> _TASK DIRECTIONS_
Copy each line below that includes "name".

Stored entries
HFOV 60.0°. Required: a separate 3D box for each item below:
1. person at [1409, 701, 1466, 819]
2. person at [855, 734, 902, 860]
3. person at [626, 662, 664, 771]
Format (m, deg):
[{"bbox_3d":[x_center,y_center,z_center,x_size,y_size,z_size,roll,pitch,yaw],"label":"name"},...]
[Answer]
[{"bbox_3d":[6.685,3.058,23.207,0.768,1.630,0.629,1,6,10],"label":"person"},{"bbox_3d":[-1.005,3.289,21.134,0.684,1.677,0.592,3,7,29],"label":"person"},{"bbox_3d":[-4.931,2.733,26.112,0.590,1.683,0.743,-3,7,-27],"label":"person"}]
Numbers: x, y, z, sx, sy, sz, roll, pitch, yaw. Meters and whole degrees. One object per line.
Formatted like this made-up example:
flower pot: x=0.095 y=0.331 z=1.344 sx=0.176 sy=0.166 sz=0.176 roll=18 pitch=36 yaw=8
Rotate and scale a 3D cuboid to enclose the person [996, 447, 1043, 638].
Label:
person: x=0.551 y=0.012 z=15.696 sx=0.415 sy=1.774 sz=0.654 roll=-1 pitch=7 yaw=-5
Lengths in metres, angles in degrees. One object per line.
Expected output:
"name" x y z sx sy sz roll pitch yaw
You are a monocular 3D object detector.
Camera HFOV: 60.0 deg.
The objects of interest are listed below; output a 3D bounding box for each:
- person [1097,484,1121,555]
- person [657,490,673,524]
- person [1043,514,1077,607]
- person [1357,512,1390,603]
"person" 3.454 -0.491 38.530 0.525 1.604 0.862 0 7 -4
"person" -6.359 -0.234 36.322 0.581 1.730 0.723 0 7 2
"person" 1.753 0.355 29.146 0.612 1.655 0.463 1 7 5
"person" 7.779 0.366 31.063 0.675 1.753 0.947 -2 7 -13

> _RESPONSE_
[{"bbox_3d":[x_center,y_center,z_center,x_size,y_size,z_size,roll,pitch,yaw],"label":"name"},...]
"name" x y z sx sy sz roll pitch yaw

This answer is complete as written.